Menteri Pertanian, Syahrul Yasin Limpo, kemarin mengingatkan masyarakat yang gemar mengonsumsi mi instan soal harus merogoh kocek lebih dalam. Pasalnya, harga mi diyakini akan semakin mahal imbas kenaikan harga gandum dunia yang menjadi bahan baku pembuatan mi.
Syahrul menuturkan, perang Rusia-Ukraina menyebabkan adanya pasokan gandum Ukraina yang tertahan hingga 180 juta ton. Pasokan itu tak bisa keluar akibat blokade Rusia.
"Jadi, hati-hati yang makan mi banyak dari gandum, besok harga (naik) tiga kali lipat itu. Mohon maaf saya bicara ekstrem saja ini," kata Syahrul.
Syahrul mengatakan, akibat gangguan rantai pasok global, harga gandum melonjak tinggi. Sementara, Indonesia terus melakukan impor gandum karena besarnya kebutuhan masyarakat.
Kementerian Pertanian (Kementan) menyiapkan alternatif untuk mensubtitusi gandum impor. Pemerintah akan fokus mengembangkan sorgum sebagai pengganti gandum.
"Tahun ini Kementan mengembangkan 15 ribu hektare (ha), tahun 2023 kami akan tambah 40 ribu ha menjadi 55 ribu ha," kata Direktur Serealia Kementan, Ismail Wahab.
Ia mengatakan, komoditas sorgum merupakan satu famili tanaman dengan gandum. Sorgum namun memiliki kelemahan karena produk olahan tidak dapat mengembang seperti gandum. Hal itu menjadi tantangan tersendiri bagi industri makanan di Indonesia.
Menurutnya, komoditas lokal Indonesia memang tidak dapat 100 persen menggantikan gandum. Potensi sorgum sebagai alternatif namun sangat besar.
Upaya itu tentunya membutuhkan peran serta industri makanan yang lebih mengerti hal teknis dalam pengolahan. Menurut Ismail, saat ini menjadi momentum yang tepat bagi sorgum di tengah ketergantungan gandum yang semakin meningkat dan tingginya harga global.
"Bagaimana kita mau mengakses gandum jika semua negara tidak mau ekspor, karena itu kita coba dengan beberapa komoditas kita. Jangan sampai kita tidak bisa akan mi atau roti," katanya.
Kepala Biro Kepala Biro Perencanaan Kerja Sama dan Humas, Badan Pangan Nasional (NFA), Risfaheri menuturkan, pangan lokal berpotensi untuk mensubstitusi 10 hingga 30 persen kebutuhan gandum untuk terigu. Khusus untuk produk olahan makanan yang tidak butuh sifat mengembang, sorgum bisa mensubsitusi hingga 100 persen.
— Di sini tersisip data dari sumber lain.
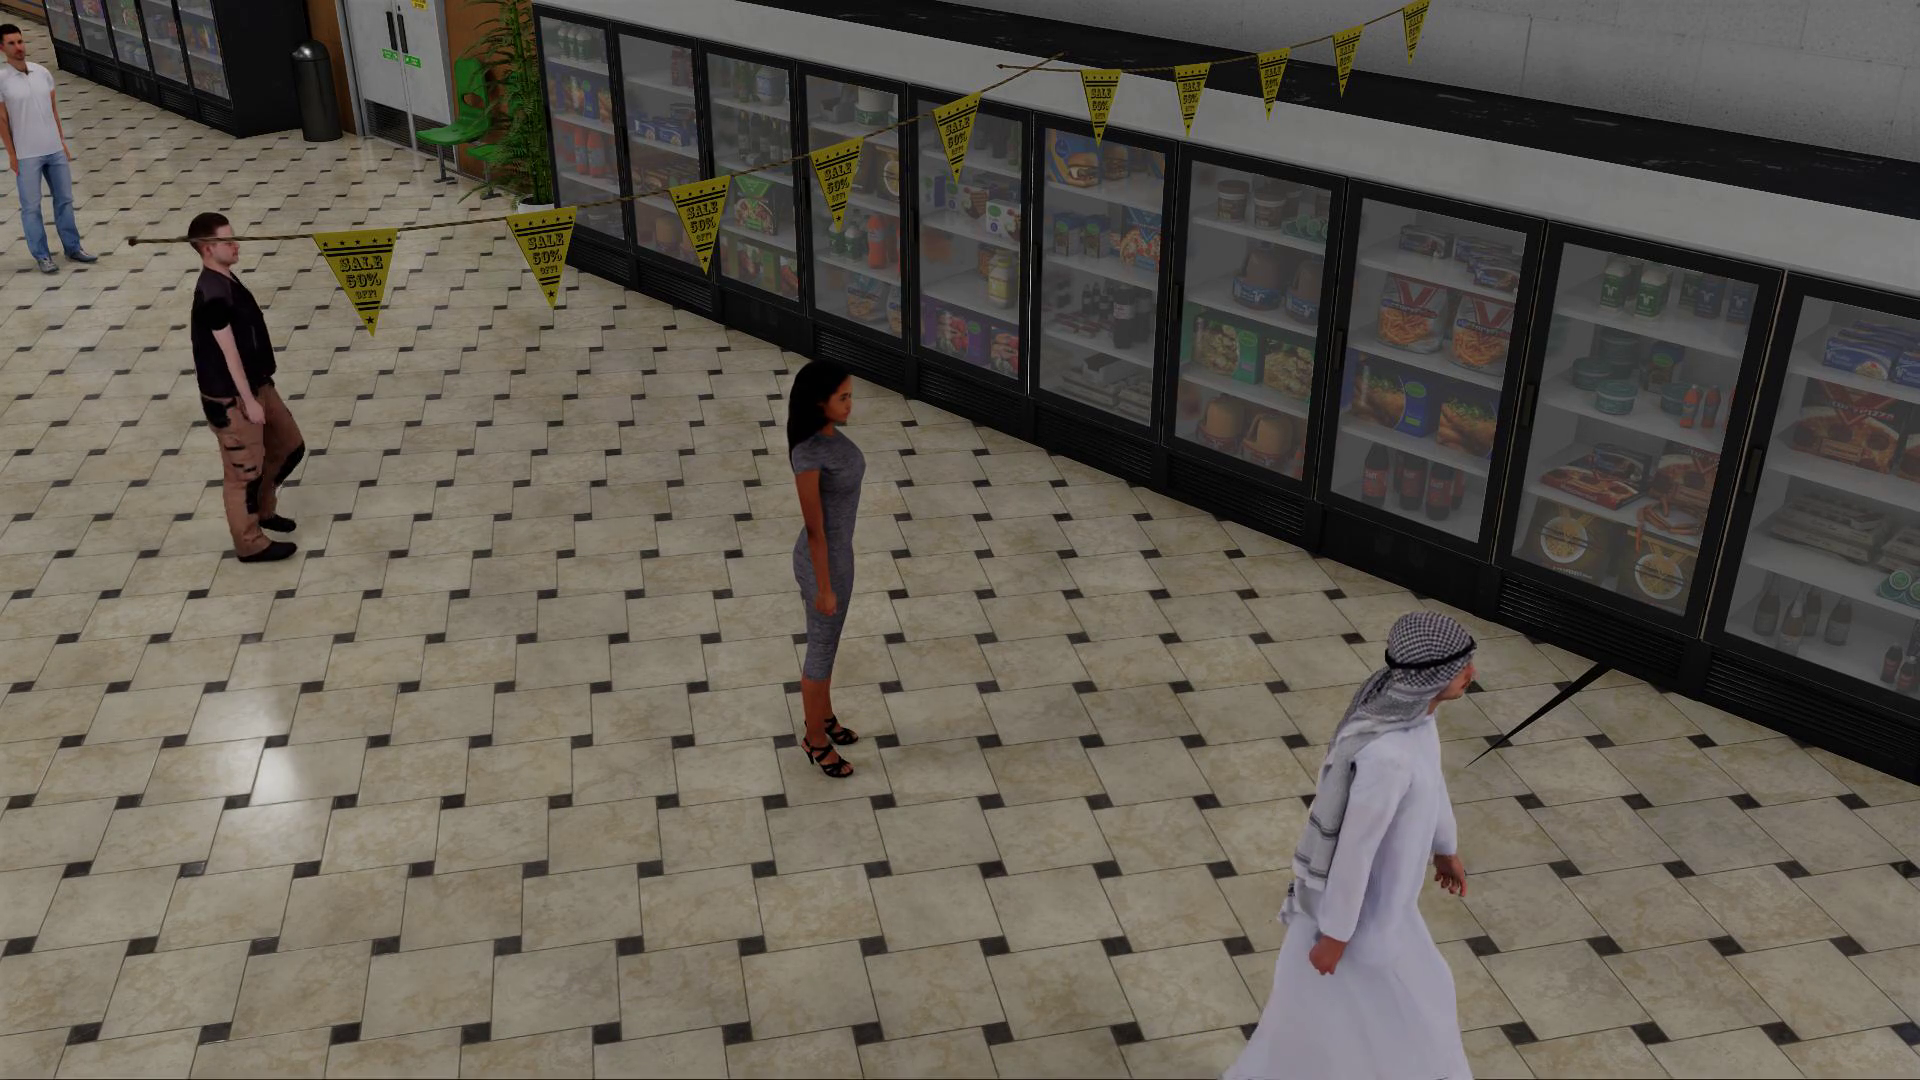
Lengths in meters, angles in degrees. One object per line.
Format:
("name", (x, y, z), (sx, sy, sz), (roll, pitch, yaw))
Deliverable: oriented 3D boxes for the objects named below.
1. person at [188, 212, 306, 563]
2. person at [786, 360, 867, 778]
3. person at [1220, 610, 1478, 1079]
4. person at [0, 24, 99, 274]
("person", (-3.729, -0.741, 8.373), (0.825, 1.830, 0.796), (-5, 27, -10))
("person", (-0.554, 0.121, 6.728), (0.724, 1.780, 0.645), (3, 27, 5))
("person", (1.077, 1.024, 4.830), (1.136, 1.888, 1.222), (6, 28, 12))
("person", (-7.138, -3.031, 12.849), (0.773, 1.866, 0.572), (17, 32, 30))
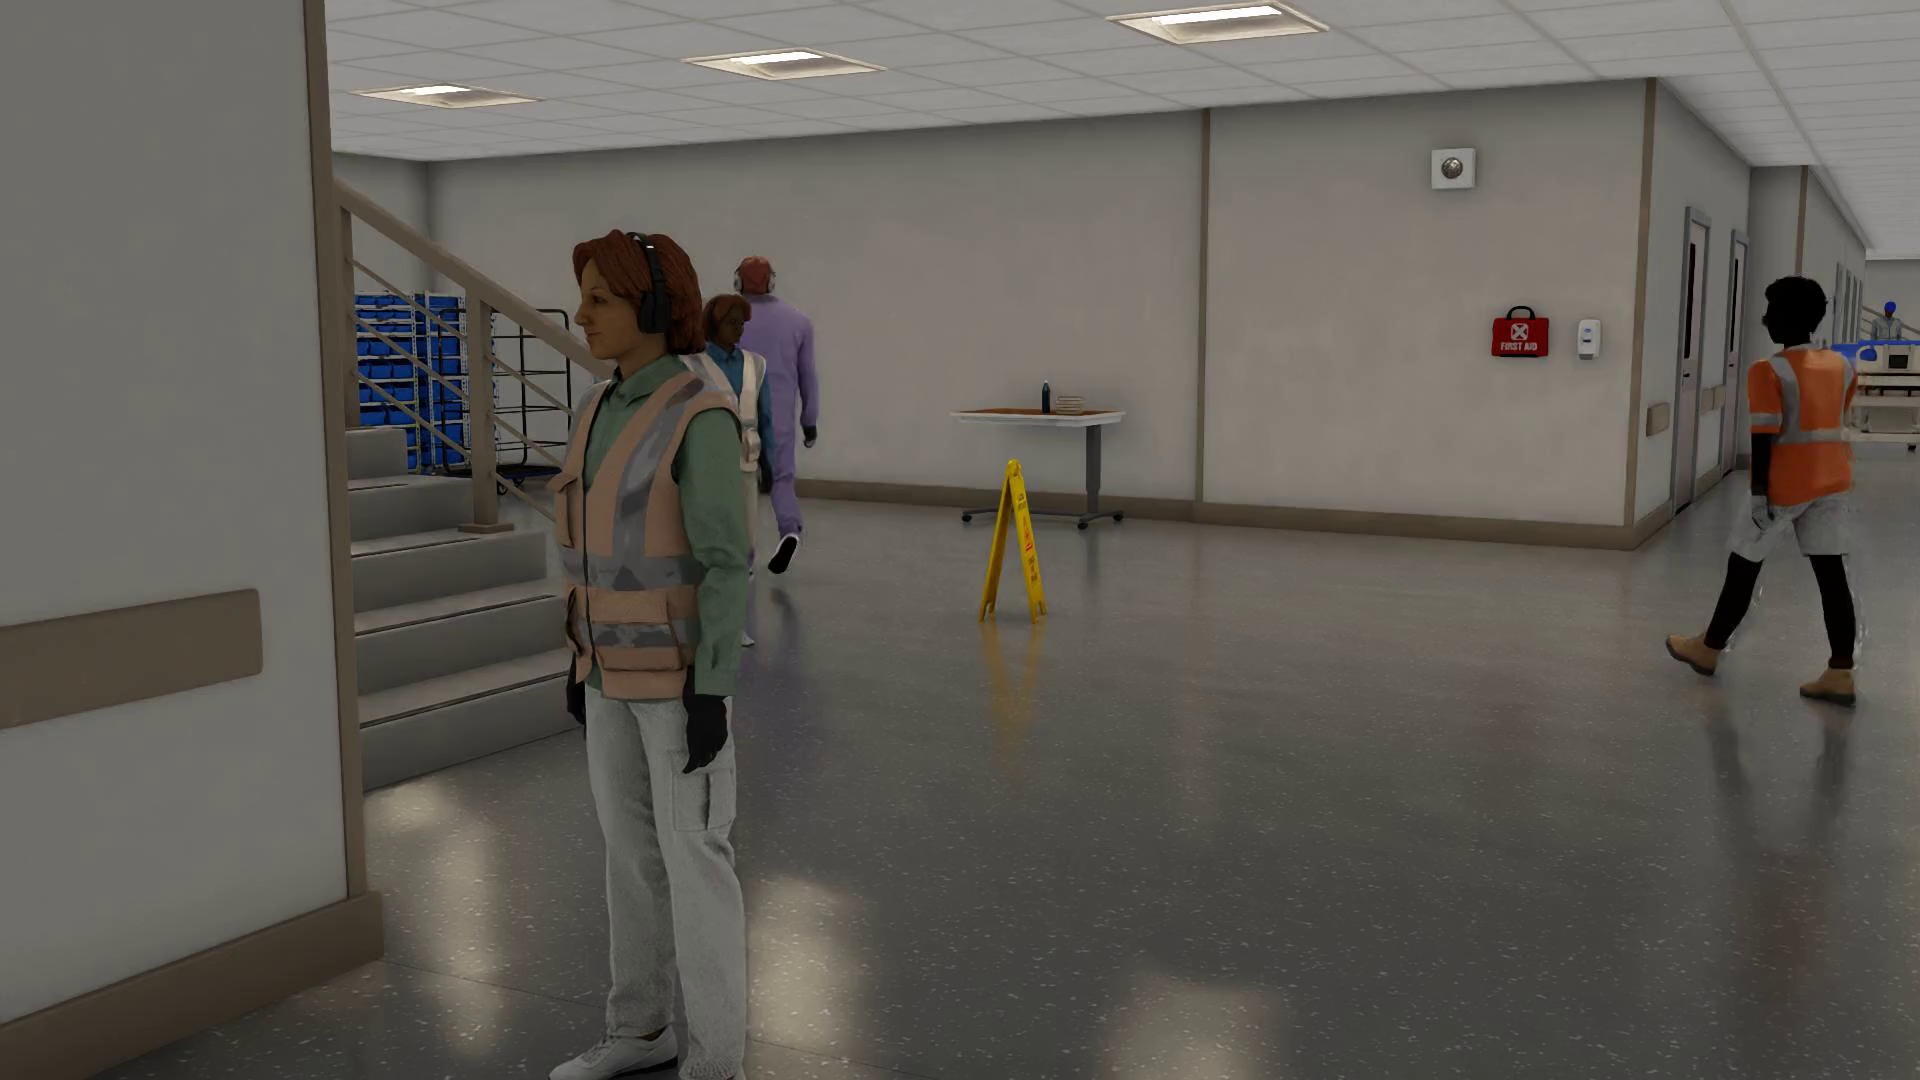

NFA mendorong Badan Riset dan Inovasi Nasional (BRIN) agar bisa menciptakan sifat dari pangan lokal yang dapat mendekati gandum. "Apa perlu komponen enzim dan sebagainya, jadi bahan pangan lokal yang tidak punya sifat mengembang bisa mensubsitusi terigu gandum sampai 100 persen, ini tantangan ke depan," kata dia.
Hingga 2021 lalu, total impor gandum tembus hingga 11,7 juta ton, naik signifikan dari 2020 yang masih 10,5 juta ton. Meskipun, sebagian kecil impor gandum kini digunakan sebagai bahan baku pakan unggas.
Pada tahun 1970 lalu, proporsi pangan berbasis gandum hampir 0 persen. Proporsi melonjak hingga 18,3 persen di tahun 2010 dan menjadi 26,6 persen pada tahun 2020.
"Bila kecenderungan ini terus terjadi, maka saat 100 tahun RI merdeka, saya khawatir 50 persen kebutuhan pokok tergandukan gandum, bukan sorgum, jagung, tapi gandum. Ini perlu jadi perhatian bersama," kata Guru Besar Fakultas Pertanian IPB University Dwi Andreas Santosa.
Selain gandum, Andreas pun mencatat tingginya impor pangan lain. Hingga 2021, total impor pangan Indonesia tembus 27,7 juta ton. Pada 2011 lalu, total impor pangan nasional masih berkisar 16,9 juta ton.
Adapun komoditas terbesar yang diimpor yakni beras khusus, jagung untuk industri makanan, gandum, kedelai, gula tebu, ubi kayu, bawang putih, hingga kacang tanah. Komoditas itu rata-rata diimpor lebih dari 300 ribu ton per tahun.